Olene from Dyptique (70 € / 50 ml). Although one of its main ingredients is wisteria, jasmine ends up being able to with the mixture. Some honeysuckle, narcissus and green scents, but undoubtedly jasmine runs through the mix. It is a very sold perfume in Arab countries for men, but in Europe it is a scent associated with women.
If yours is not the sweet version of jasmine but you like how the cut flower smells directly, without much artifice, Olene will fit you. It lasts for hours and remains in the garments for days.
Tender jasmine by Yves Rocher (€ 24.50 / 50 ml) A much more affordable version with hints of citrus, slightly acid at the beginning but offset by the sweetness of the mimosa at the end.
Good hold on the skin. The best? A fairly successful low version.
White Jasmine & Mint from Jo Malone (€ 100/100 ml and € 50 / 30ml). Very herbal. Bitter and fresh but underneath the mint holds a jasmine for occasional fans of the white flower.
It is inspired by an English garden so don’t expect warmth or sweetness.
Juliette Has A Gun
White Spirit from Juliette Has A Gun (220 €/100 ml). This fragrance also has that masculine touch that good jasmine perfumes have. Share the limelight with tuberose in this scent that is inspired by a freshly made bed.
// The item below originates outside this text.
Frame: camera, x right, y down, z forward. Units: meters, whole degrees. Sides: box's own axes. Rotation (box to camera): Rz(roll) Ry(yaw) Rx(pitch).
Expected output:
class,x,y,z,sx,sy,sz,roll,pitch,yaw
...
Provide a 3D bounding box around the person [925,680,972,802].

Discard the jasmine with medicinal nuances and the background of woods and musks that ends up making the perfume unisex.
It has against the price but in return it will last you hours on your skin. It is sold in a case that almost looks like a jewelry box. For collectors.
Love and Tears from by By Kilian (205 €). A perfume composed like a figurative painting around the jasmine. It has some notes of orange blossom, narcissus, lily of the valley, petit grain or lavender but soon all the freshness gives way to the wildest and animal smell of jasmine. Between sad and intense, a tribute to love. It has a masculine touch reminiscent of Olene from Diptyque. Sold exclusively at Le Secret du Marais.
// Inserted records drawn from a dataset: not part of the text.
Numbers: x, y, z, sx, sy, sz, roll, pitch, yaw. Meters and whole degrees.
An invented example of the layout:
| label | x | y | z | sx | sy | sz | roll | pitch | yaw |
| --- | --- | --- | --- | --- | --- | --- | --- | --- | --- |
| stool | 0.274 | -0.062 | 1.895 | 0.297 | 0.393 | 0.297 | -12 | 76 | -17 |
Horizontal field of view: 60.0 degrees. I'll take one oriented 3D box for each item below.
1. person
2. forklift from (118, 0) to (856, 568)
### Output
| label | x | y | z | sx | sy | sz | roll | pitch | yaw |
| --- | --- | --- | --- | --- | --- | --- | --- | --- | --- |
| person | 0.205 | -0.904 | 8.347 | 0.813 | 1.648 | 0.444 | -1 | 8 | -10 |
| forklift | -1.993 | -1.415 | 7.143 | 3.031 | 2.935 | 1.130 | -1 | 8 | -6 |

If you are a fan, we recommend that you get a bottle because it has been discontinued.
Dreams from Annick Goutal (106 €/ 100 ml) A very romantic version of jasmine. Vanilla, ylang-ylang and wallflower. Sweet, Milky was created in 2005 by Isabelle Doyen.
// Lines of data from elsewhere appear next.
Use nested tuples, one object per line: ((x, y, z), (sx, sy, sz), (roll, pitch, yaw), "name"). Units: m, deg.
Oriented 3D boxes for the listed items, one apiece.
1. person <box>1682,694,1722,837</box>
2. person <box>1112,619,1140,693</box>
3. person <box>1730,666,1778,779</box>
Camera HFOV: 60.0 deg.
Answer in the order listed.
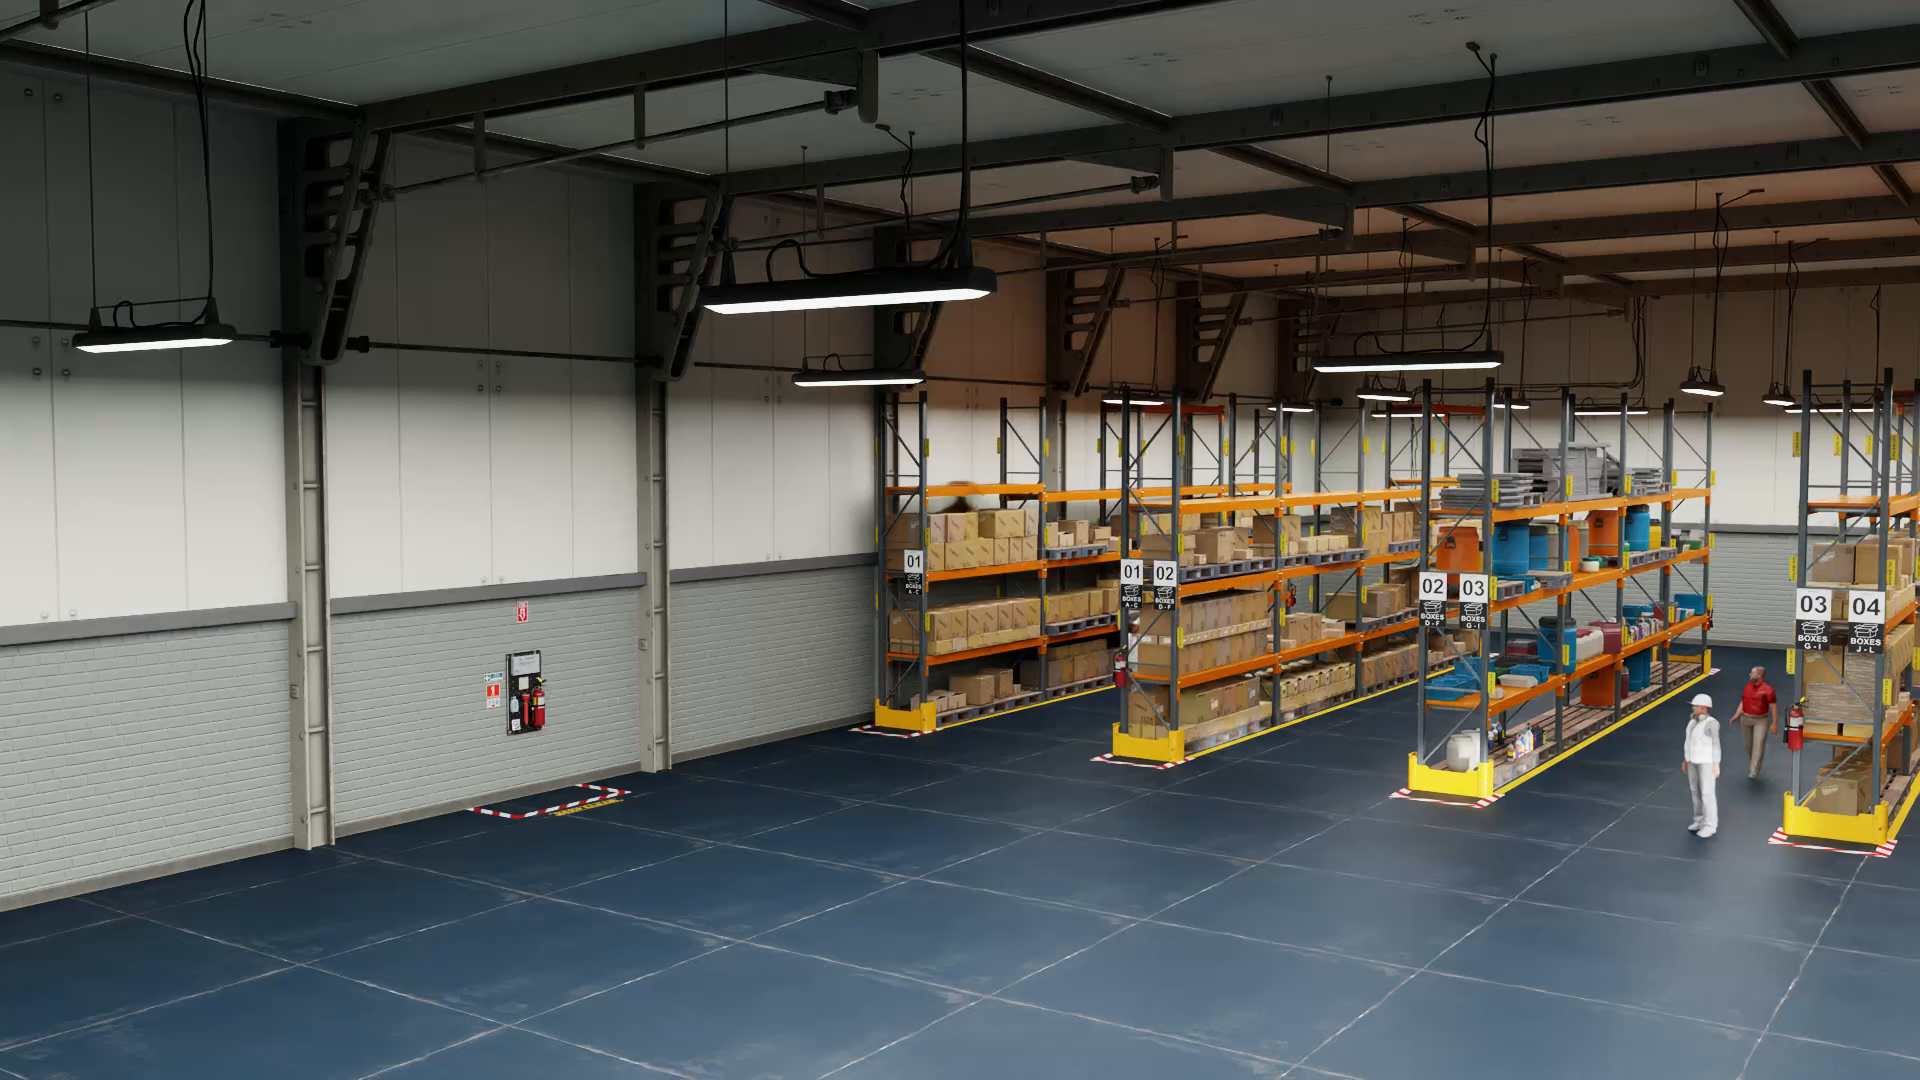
((9.649, 2.910, 21.673), (0.440, 1.785, 0.648), (-1, 3, -13), "person")
((3.237, 2.375, 31.538), (0.666, 1.722, 1.009), (2, 4, 27), "person")
((12.045, 2.757, 25.224), (0.663, 1.682, 0.999), (3, 4, 41), "person")

It is a fragrance that many brides choose to marry. If you are into “fresh” perfumes you will not like it.
Jasmine & Bergamot from L`Occitane (€ 57/75 ml). It is not a very intense variant of jasmine. The smell seems very mixed with lemon and bergamot although it is present.
Perfect if you do not finish daring with the strength of this white flower.
Chanel Nª5 (€ 101/100 ml). Although it is not a perfume dedicated only to jasmine, it is considered a good representative because it is one of its main notes. Mixed with rose, aldehydes, orange blossom, it has an acid touch. There is not much to say about this fragrance that has been the world’s best-selling perfume for years since it was created by Ernest Beaux in 1954.
It is not for you if you are really looking for the smell of jasmine only, if you like it but surrounded by other flowers it is a good choice.
Black Jasmine from Bvlgari (122 €/100 ml). Although the principle deceives with a clean and fresh jasmine it turns dark with the scent of gardenia, almond, licorice and tonka bean. In the end, the wood becomes much more present than the white flower. The Eau de Toilette version looks similar but stays much closer to the freshness of the perfume outlet.
For occasional jasmine fans.
Tom Ford Private Blend
Red Jasmine from Tom Ford Private Blend (280 €/ 100 ml). It starts out fresh with orange blossom and ylang-ylang but becomes much spicier with cardamom. In the end it is mixed with the aroma of amber and wood.
His price works against him but he has declared followers.